> Task prompt
If a line in the following entries contains the string "Meeting", it counts toward the total; report only that total.

BEGIN Listed records

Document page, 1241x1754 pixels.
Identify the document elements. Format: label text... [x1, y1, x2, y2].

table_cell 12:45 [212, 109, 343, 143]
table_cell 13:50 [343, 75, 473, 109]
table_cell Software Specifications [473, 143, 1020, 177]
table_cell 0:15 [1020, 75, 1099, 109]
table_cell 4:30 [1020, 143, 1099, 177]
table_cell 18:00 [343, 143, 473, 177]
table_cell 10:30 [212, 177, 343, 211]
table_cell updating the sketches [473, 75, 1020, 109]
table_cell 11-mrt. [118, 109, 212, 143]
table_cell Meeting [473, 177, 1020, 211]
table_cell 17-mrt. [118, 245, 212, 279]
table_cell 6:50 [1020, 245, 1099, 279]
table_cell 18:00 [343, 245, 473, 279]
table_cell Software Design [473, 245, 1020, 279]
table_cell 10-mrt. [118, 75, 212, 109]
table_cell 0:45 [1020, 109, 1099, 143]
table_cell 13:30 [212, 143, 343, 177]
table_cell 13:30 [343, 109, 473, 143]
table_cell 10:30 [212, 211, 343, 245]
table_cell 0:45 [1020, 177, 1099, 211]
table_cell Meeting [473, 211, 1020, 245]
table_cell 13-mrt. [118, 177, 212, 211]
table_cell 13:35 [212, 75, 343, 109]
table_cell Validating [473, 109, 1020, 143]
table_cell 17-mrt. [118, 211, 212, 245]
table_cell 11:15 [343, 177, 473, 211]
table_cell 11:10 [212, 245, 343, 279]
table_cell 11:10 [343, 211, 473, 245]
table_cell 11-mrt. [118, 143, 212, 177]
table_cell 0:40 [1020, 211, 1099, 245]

END Listed records

> Exercise response
2